[Items from a dataset]
------------------------------------------------

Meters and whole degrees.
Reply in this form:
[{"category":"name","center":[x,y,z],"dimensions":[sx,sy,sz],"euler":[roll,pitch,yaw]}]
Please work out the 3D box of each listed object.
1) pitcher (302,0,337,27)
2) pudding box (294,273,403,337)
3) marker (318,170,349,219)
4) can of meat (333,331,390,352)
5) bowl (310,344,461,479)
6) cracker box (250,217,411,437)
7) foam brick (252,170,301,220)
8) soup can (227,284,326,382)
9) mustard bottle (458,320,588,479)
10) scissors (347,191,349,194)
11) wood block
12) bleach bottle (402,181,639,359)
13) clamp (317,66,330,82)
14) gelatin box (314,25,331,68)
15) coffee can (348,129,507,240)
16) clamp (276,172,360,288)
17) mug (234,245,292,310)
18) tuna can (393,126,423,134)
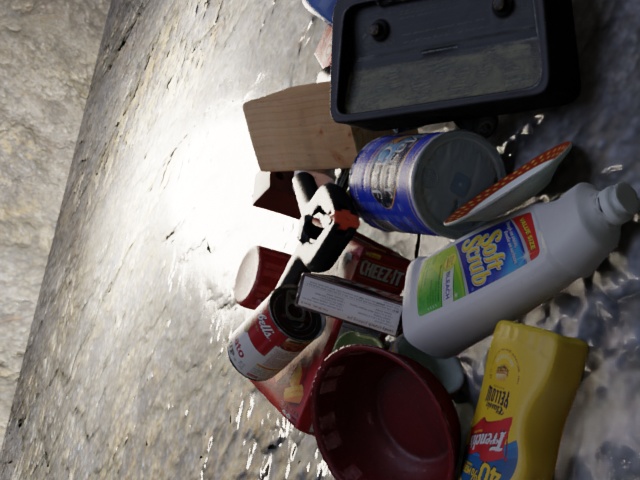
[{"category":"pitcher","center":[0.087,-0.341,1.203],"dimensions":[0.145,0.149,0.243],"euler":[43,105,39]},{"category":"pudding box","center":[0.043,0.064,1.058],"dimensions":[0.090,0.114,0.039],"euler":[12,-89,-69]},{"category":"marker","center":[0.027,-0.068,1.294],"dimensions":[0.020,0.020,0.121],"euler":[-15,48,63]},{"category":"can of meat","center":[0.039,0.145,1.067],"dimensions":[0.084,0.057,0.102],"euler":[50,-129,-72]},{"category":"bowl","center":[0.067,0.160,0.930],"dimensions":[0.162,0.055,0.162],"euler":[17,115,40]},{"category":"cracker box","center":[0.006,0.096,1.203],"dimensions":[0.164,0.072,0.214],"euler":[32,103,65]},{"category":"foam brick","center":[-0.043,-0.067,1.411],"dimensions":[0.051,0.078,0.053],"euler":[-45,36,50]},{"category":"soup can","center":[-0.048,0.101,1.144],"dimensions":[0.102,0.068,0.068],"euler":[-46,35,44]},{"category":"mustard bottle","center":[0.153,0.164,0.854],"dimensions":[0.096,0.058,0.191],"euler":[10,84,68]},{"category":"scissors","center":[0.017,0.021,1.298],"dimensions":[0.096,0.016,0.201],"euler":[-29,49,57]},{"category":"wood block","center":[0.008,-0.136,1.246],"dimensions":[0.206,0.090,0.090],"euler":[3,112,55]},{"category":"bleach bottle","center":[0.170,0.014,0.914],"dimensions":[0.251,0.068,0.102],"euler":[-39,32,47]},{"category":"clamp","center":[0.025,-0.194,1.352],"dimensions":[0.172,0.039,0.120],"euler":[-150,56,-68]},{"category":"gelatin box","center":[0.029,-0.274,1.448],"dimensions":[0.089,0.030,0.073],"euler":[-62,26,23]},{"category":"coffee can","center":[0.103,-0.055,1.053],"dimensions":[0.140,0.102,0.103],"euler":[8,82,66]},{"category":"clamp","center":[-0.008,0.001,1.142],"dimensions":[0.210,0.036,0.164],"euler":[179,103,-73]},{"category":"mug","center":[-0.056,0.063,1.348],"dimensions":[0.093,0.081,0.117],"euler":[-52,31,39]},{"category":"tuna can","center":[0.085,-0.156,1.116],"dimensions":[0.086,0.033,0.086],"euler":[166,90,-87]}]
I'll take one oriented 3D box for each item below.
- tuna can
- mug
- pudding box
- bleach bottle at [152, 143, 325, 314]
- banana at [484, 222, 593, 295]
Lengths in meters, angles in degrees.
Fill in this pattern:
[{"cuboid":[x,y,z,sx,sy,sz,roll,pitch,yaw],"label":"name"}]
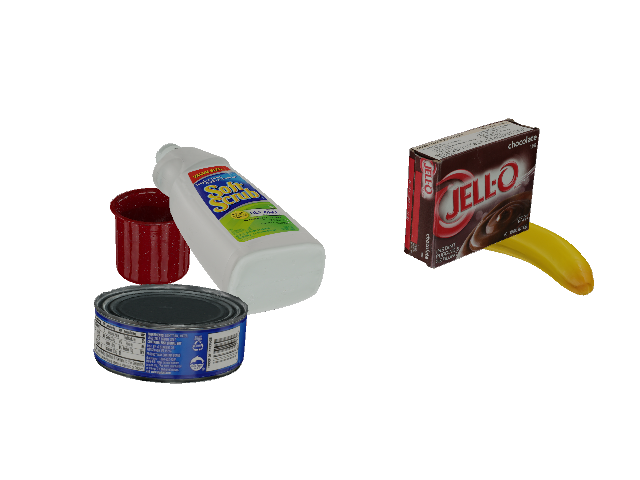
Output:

------------------------------------------------

Problem description
Output the data above exactly, excluding images.

Solution
Meters and whole degrees.
Reply in this form:
[{"category":"name","center":[x,y,z],"dimensions":[sx,sy,sz],"euler":[roll,pitch,yaw]}]
Please work out the 3D box of each listed object.
1) pitcher (302,0,337,27)
2) pudding box (294,273,403,337)
3) marker (318,170,349,219)
4) can of meat (333,331,390,352)
5) bowl (310,344,461,479)
6) cracker box (250,217,411,437)
7) foam brick (252,170,301,220)
8) soup can (227,284,326,382)
9) mustard bottle (458,320,588,479)
10) scissors (347,191,349,194)
11) wood block
12) bleach bottle (402,181,639,359)
13) clamp (317,66,330,82)
14) gelatin box (314,25,331,68)
15) coffee can (348,129,507,240)
16) clamp (276,172,360,288)
17) mug (234,245,292,310)
18) tuna can (393,126,423,134)
[{"category":"pitcher","center":[0.087,-0.341,1.203],"dimensions":[0.145,0.149,0.243],"euler":[43,105,39]},{"category":"pudding box","center":[0.043,0.064,1.058],"dimensions":[0.090,0.114,0.039],"euler":[12,-89,-69]},{"category":"marker","center":[0.027,-0.068,1.294],"dimensions":[0.020,0.020,0.121],"euler":[-15,48,63]},{"category":"can of meat","center":[0.039,0.145,1.067],"dimensions":[0.084,0.057,0.102],"euler":[50,-129,-72]},{"category":"bowl","center":[0.067,0.160,0.930],"dimensions":[0.162,0.055,0.162],"euler":[17,115,40]},{"category":"cracker box","center":[0.006,0.096,1.203],"dimensions":[0.164,0.072,0.214],"euler":[32,103,65]},{"category":"foam brick","center":[-0.043,-0.067,1.411],"dimensions":[0.051,0.078,0.053],"euler":[-45,36,50]},{"category":"soup can","center":[-0.048,0.101,1.144],"dimensions":[0.102,0.068,0.068],"euler":[-46,35,44]},{"category":"mustard bottle","center":[0.153,0.164,0.854],"dimensions":[0.096,0.058,0.191],"euler":[10,84,68]},{"category":"scissors","center":[0.017,0.021,1.298],"dimensions":[0.096,0.016,0.201],"euler":[-29,49,57]},{"category":"wood block","center":[0.008,-0.136,1.246],"dimensions":[0.206,0.090,0.090],"euler":[3,112,55]},{"category":"bleach bottle","center":[0.170,0.014,0.914],"dimensions":[0.251,0.068,0.102],"euler":[-39,32,47]},{"category":"clamp","center":[0.025,-0.194,1.352],"dimensions":[0.172,0.039,0.120],"euler":[-150,56,-68]},{"category":"gelatin box","center":[0.029,-0.274,1.448],"dimensions":[0.089,0.030,0.073],"euler":[-62,26,23]},{"category":"coffee can","center":[0.103,-0.055,1.053],"dimensions":[0.140,0.102,0.103],"euler":[8,82,66]},{"category":"clamp","center":[-0.008,0.001,1.142],"dimensions":[0.210,0.036,0.164],"euler":[179,103,-73]},{"category":"mug","center":[-0.056,0.063,1.348],"dimensions":[0.093,0.081,0.117],"euler":[-52,31,39]},{"category":"tuna can","center":[0.085,-0.156,1.116],"dimensions":[0.086,0.033,0.086],"euler":[166,90,-87]}]
I'll take one oriented 3D box for each item below.
- tuna can
- mug
- pudding box
- bleach bottle at [152, 143, 325, 314]
- banana at [484, 222, 593, 295]
Lengths in meters, angles in degrees.
Fill in this pattern:
[{"cuboid":[x,y,z,sx,sy,sz,roll,pitch,yaw],"label":"name"}]
Output:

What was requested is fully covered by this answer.